Свидетели-чеченцы твердили, что убитый потерпевший никогда не воевал, не брал в руки оружия, что был экспедитором и сюда тоже привез мясо.
Очевидцы преступления рассказывали, как на вид опустившийся, потому что грязный, заросший, в сальной телогрейке обвиняемый стрелял в потерпевшего в белом плаще и очень дорогих ботинках...
Прокурор требовал пятнадцать лет.
Адвокат просил, учитывая состояние аффекта и расшатанную психику подзащитного, пять.
Сергею дали восемь.
Но восемь он не отсидел. Отсидел только год.
Его направили в колонию строгого режима, где, кроме прочих зэков, отбывали наказание несколько десятков чеченцев. Кто-то шепнул им, за что сидит Сергей.
Чеченцы написали о нем домой. Им ответили, что отец Мурата обещает двадцать баранов тому, кто смоет с его семьи позор.
Но дело было даже не в баранах...
Чеченцы обратились к сидящим на зоне авторитетам и потребовали у них жизнь обидчика. Потому что этого требовал их обычай.
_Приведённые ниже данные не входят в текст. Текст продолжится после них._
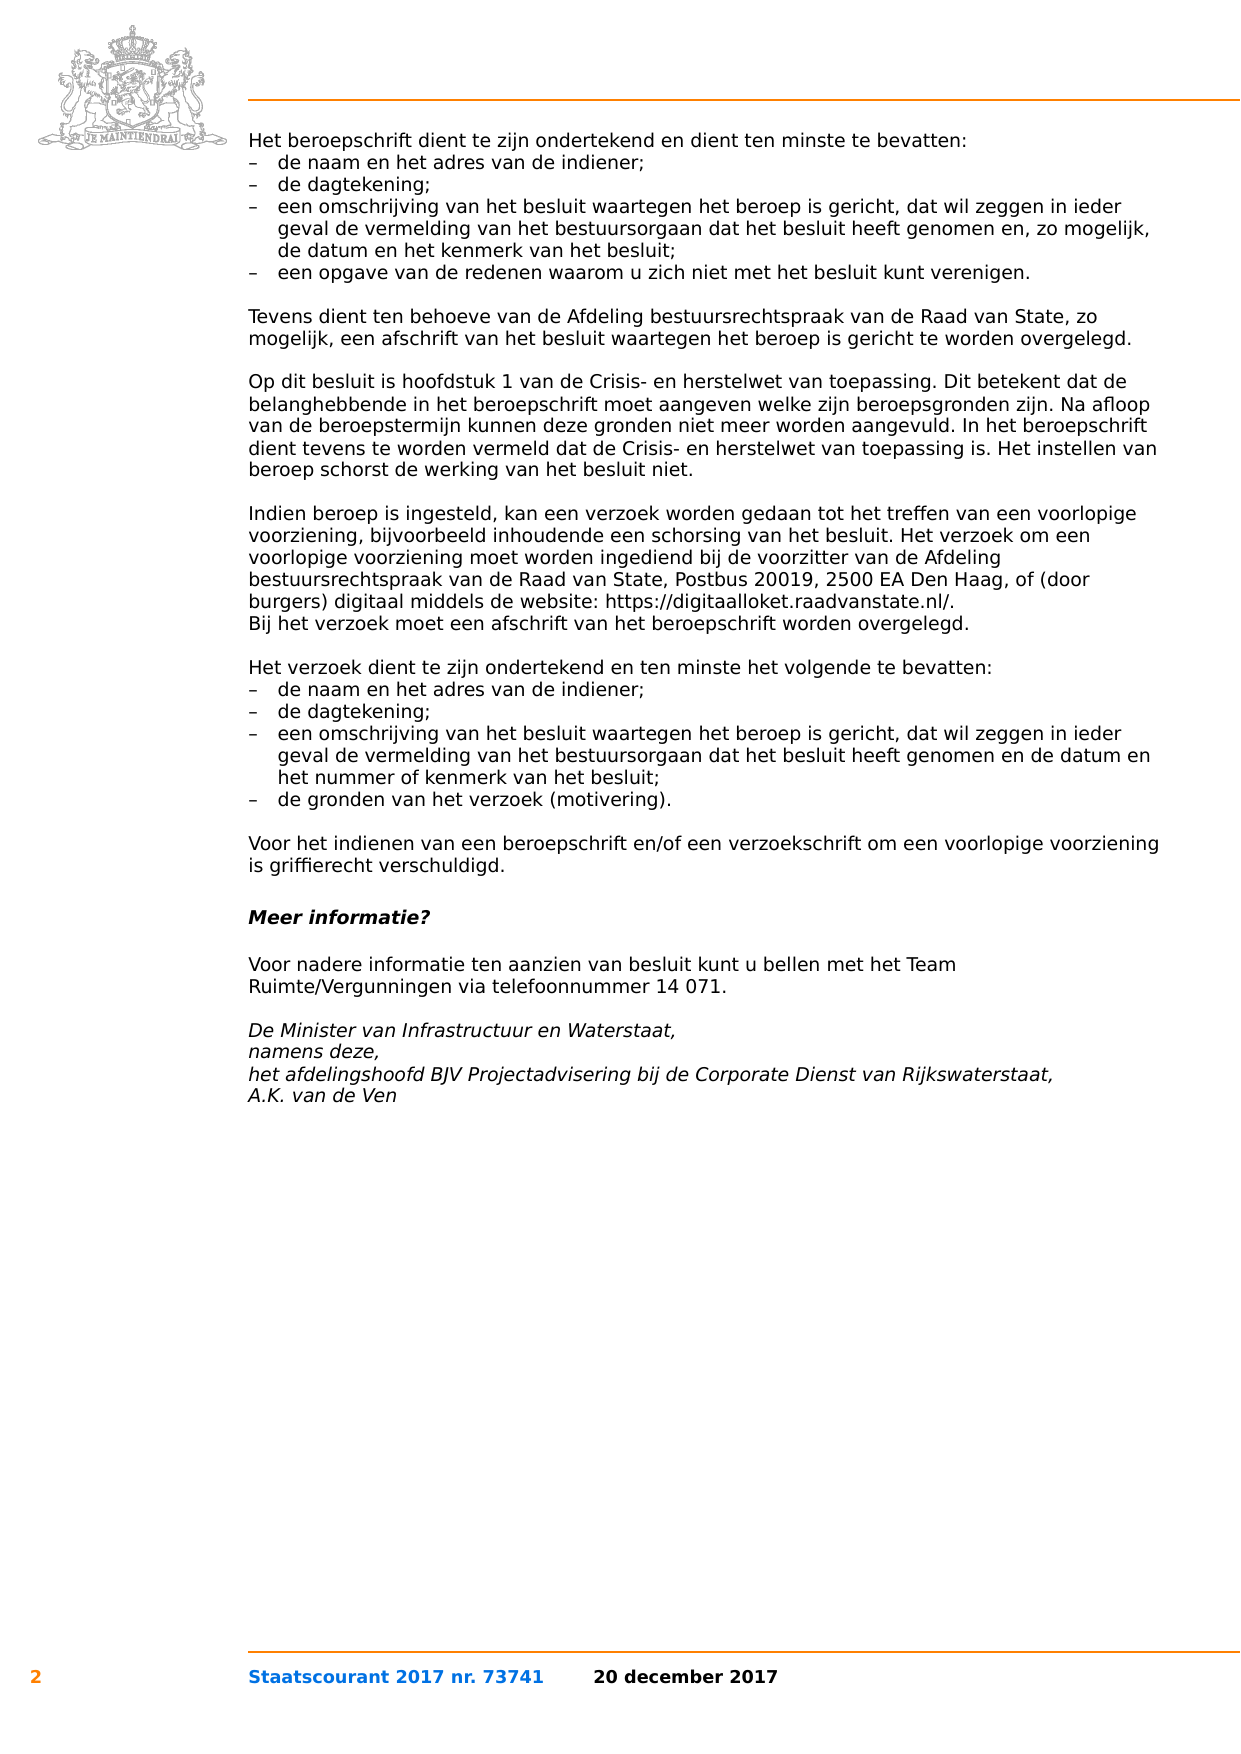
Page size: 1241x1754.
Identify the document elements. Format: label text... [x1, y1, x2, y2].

picture [38, 25, 227, 150]
text – de dagtekening; [248, 701, 1163, 723]
subtitle Meer informatie? [248, 907, 1163, 929]
text Het verzoek dient te zijn ondertekend en ten minste het volgende te bevatten: [248, 657, 1163, 679]
text Tevens dient ten behoeve van de Afdeling bestuursrechtspraak van de Raad van State, zo mogelijk, een afschrift van het besluit waartegen het beroep is gericht te worden overgelegd. [248, 306, 1163, 349]
text Het beroepschrift dient te zijn ondertekend en dient ten minste te bevatten: [248, 130, 1163, 152]
text – een opgave van de redenen waarom u zich niet met het besluit kunt verenigen. [248, 262, 1163, 284]
text De Minister van Infrastructuur en Waterstaat, namens deze, het afdelingshoofd BJV Projectadvisering bij de Corporate Dienst van Rijkswaterstaat, A.K. van de Ven [248, 1019, 1163, 1107]
text Voor het indienen van een beroepschrift en/of een verzoekschrift om een voorlopige voorziening is griffierecht verschuldigd. [248, 833, 1163, 877]
text – de naam en het adres van de indiener; [248, 152, 1163, 174]
text Op dit besluit is hoofdstuk 1 van de Crisis- en herstelwet van toepassing. Dit betekent dat de belanghebbende in het beroepschrift moet aangeven welke zijn beroepsgronden zijn. Na afloop van de beroepstermijn kunnen deze gronden niet meer worden aangevuld. In het beroepschrift dient tevens te worden vermeld dat de Crisis- en herstelwet van toepassing is. Het instellen van beroep schorst de werking van het besluit niet. [248, 371, 1163, 481]
text – een omschrijving van het besluit waartegen het beroep is gericht, dat wil zeggen in ieder geval de vermelding van het bestuursorgaan dat het besluit heeft genomen en de datum en het nummer of kenmerk van het besluit; [248, 723, 1163, 789]
text – een omschrijving van het besluit waartegen het beroep is gericht, dat wil zeggen in ieder geval de vermelding van het bestuursorgaan dat het besluit heeft genomen en, zo mogelijk, de datum en het kenmerk van het besluit; [248, 196, 1163, 262]
text Indien beroep is ingesteld, kan een verzoek worden gedaan tot het treffen van een voorlopige voorziening, bijvoorbeeld inhoudende een schorsing van het besluit. Het verzoek om een voorlopige voorziening moet worden ingediend bij de voorzitter van de Afdeling bestuursrechtspraak van de Raad van State, Postbus 20019, 2500 EA Den Haag, of (door burgers) digitaal middels de website: https://digitaalloket.raadvanstate.nl/. [248, 503, 1163, 613]
text – de gronden van het verzoek (motivering). [248, 789, 1163, 811]
text Bij het verzoek moet een afschrift van het beroepschrift worden overgelegd. [248, 613, 1163, 635]
text Voor nadere informatie ten aanzien van besluit kunt u bellen met het Team Ruimte/Vergunningen via telefoonnummer 14 071. [248, 954, 1163, 998]
text – de dagtekening; [248, 174, 1163, 196]
text – de naam en het adres van de indiener; [248, 679, 1163, 701]
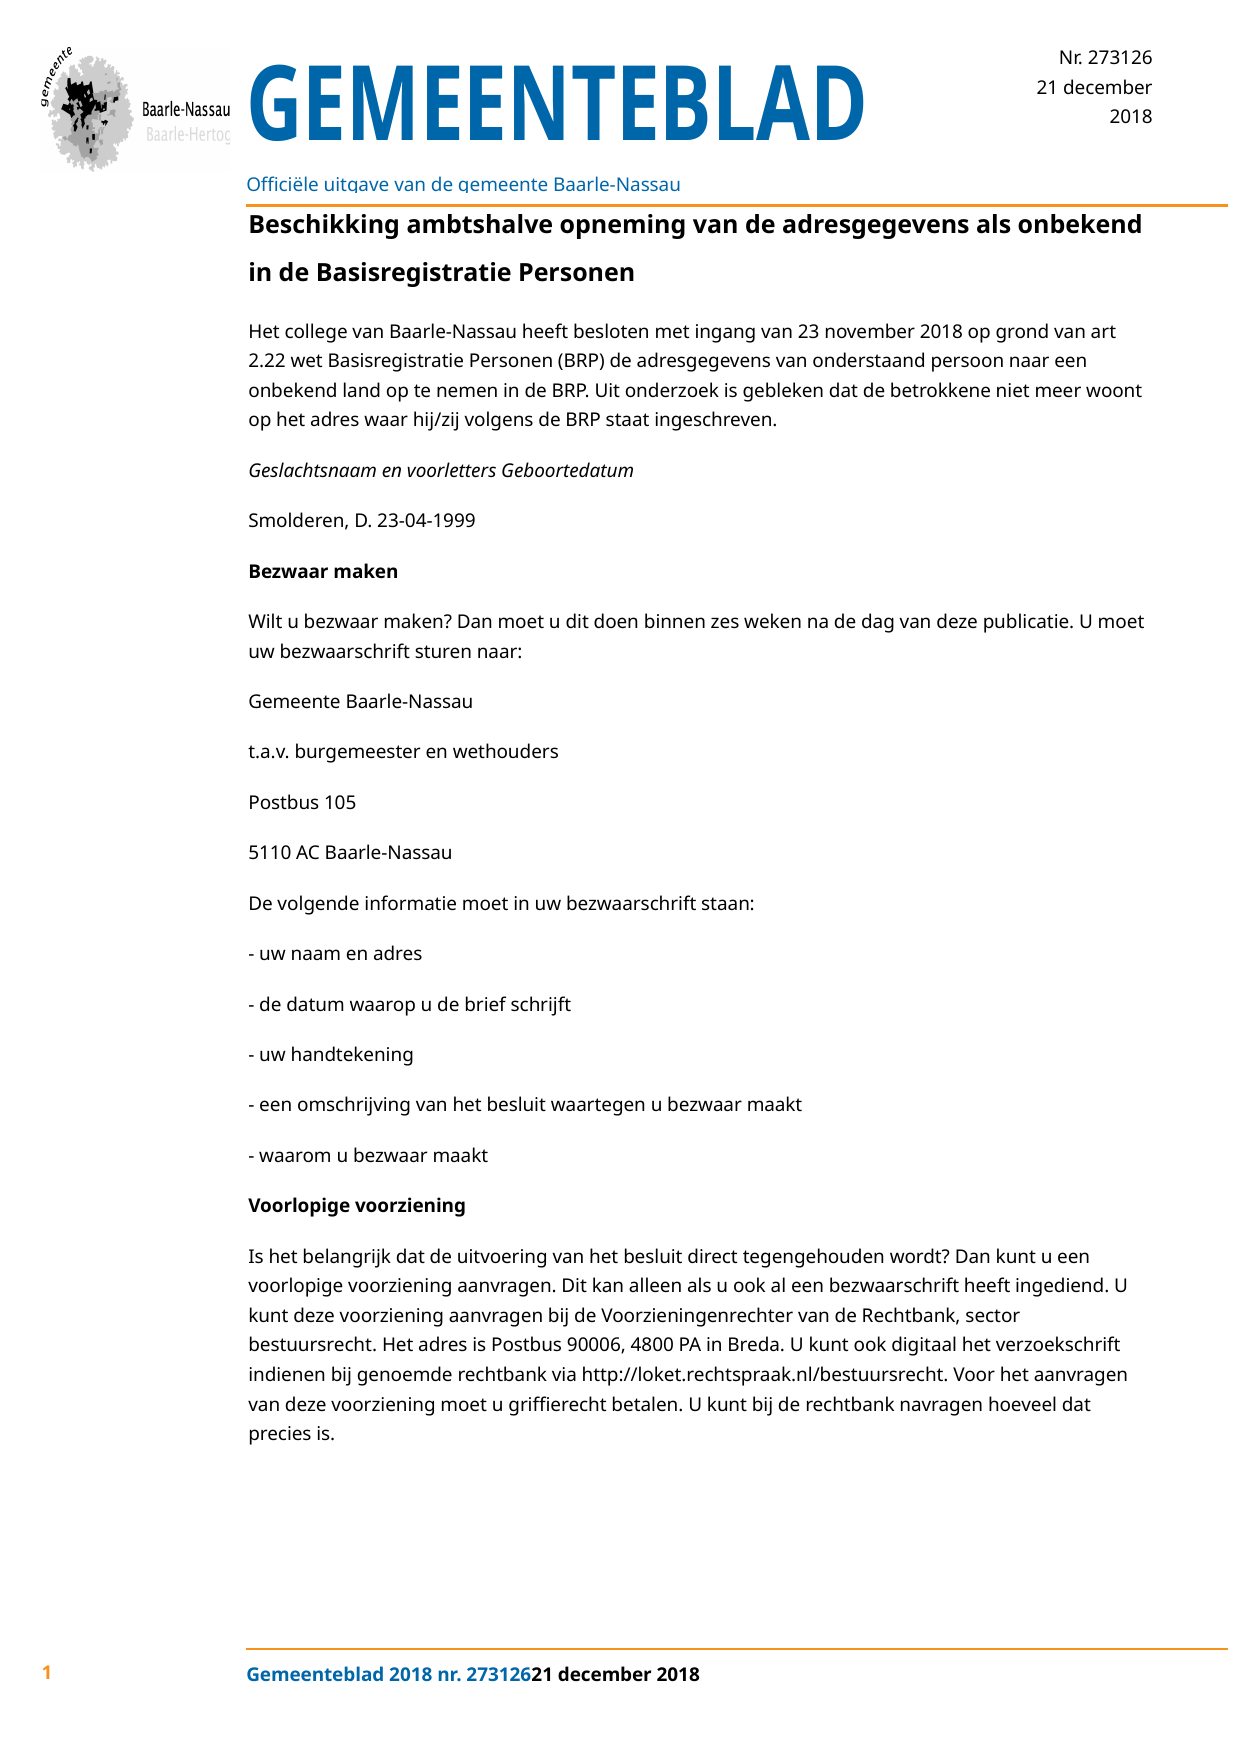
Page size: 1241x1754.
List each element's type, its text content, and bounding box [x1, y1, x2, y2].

text Smolderen, D. 23-04-1999 [248, 507, 1152, 533]
text Bezwaar maken [248, 558, 1152, 584]
text - uw handtekening [248, 1041, 1152, 1067]
text - een omschrijving van het besluit waartegen u bezwaar maakt [248, 1092, 1152, 1117]
text Postbus 105 [248, 789, 1152, 815]
text t.a.v. burgemeester en wethouders [248, 739, 1152, 764]
text De volgende informatie moet in uw bezwaarschrift staan: [248, 890, 1152, 916]
text - waarom u bezwaar maakt [248, 1142, 1152, 1168]
picture [41, 47, 231, 172]
text Het college van Baarle-Nassau heeft besloten met ingang van 23 november 2018 op grond van art 2.22 wet Basisregistratie Personen (BRP) de adresgegevens van onderstaand persoon naar een onbekend land op te nemen in de BRP. Uit onderzoek is gebleken dat de betrokkene niet meer woont op het adres waar hij/zij volgens de BRP staat ingeschreven. [248, 318, 1152, 432]
text Wilt u bezwaar maken? Dan moet u dit doen binnen zes weken na de dag van deze publicatie. U moet uw bezwaarschrift sturen naar: [248, 608, 1152, 664]
text Is het belangrijk dat de uitvoering van het besluit direct tegengehouden wordt? Dan kunt u een voorlopige voorziening aanvragen. Dit kan alleen als u ook al een bezwaarschrift heeft ingediend. U kunt deze voorziening aanvragen bij de Voorzieningenrechter van de Rechtbank, sector bestuursrecht. Het adres is Postbus 90006, 4800 PA in Breda. U kunt ook digitaal het verzoekschrift indienen bij genoemde rechtbank via http://loket.rechtspraak.nl/bestuursrecht. Voor het aanvragen van deze voorziening moet u griffierecht betalen. U kunt bij de rechtbank navragen hoeveel dat precies is. [248, 1243, 1152, 1446]
text Beschikking ambtshalve opneming van de adresgegevens als onbekend in de Basisregistratie Personen [248, 207, 1152, 288]
text 5110 AC Baarle-Nassau [248, 839, 1152, 865]
text Geslachtsnaam en voorletters Geboortedatum [248, 457, 1152, 483]
text Voorlopige voorziening [248, 1192, 1152, 1218]
text - uw naam en adres [248, 940, 1152, 966]
text Gemeente Baarle-Nassau [248, 688, 1152, 714]
text - de datum waarop u de brief schrijft [248, 991, 1152, 1017]

Сергей был простым работягой, и авторитеты за него не вступились. Авторитеты отдали его жизнь за десять пачек чая.
Сергея подкараулили на выходе из столовой и полоснули поперек шеи заточкой. Как когда-то Мурат полоснул по шее рядового Пахомова.
Он упал на затоптанный пол на бок и, умирая, согнулся калачиком, как когда-то в детстве, когда засыпал в своей кровати. Мимо него шли зэки, направлявшиеся на обед. Они торопились и поэтому не обращали на него никакого внимания.
Начатое по факту убийства следствие ни к чему не привело. Убийц видели многие, но свидетелей не нашлось.
Дело закрыли.
Близкие за телом не приехали. Мать покойного лежала в больнице, бабушка была слишком стара. А больше у него никого не было.
Сергею привязали к ноге картонную бирку, засунули в полиэтиленовый мешок и похоронили на тюремном кладбище, воткнув в холмик свеженабросанной земли колышек с фанерной дощечкой. Которая через полгода истлела, и уже нельзя было разобрать, что на ней написано.
Мурата тоже похоронили. На родине. В его деревне на родовом кладбище, рядом с могилой прапрадеда. Который тоже был героем. На той, очень давней, еще с Российской империей, войне.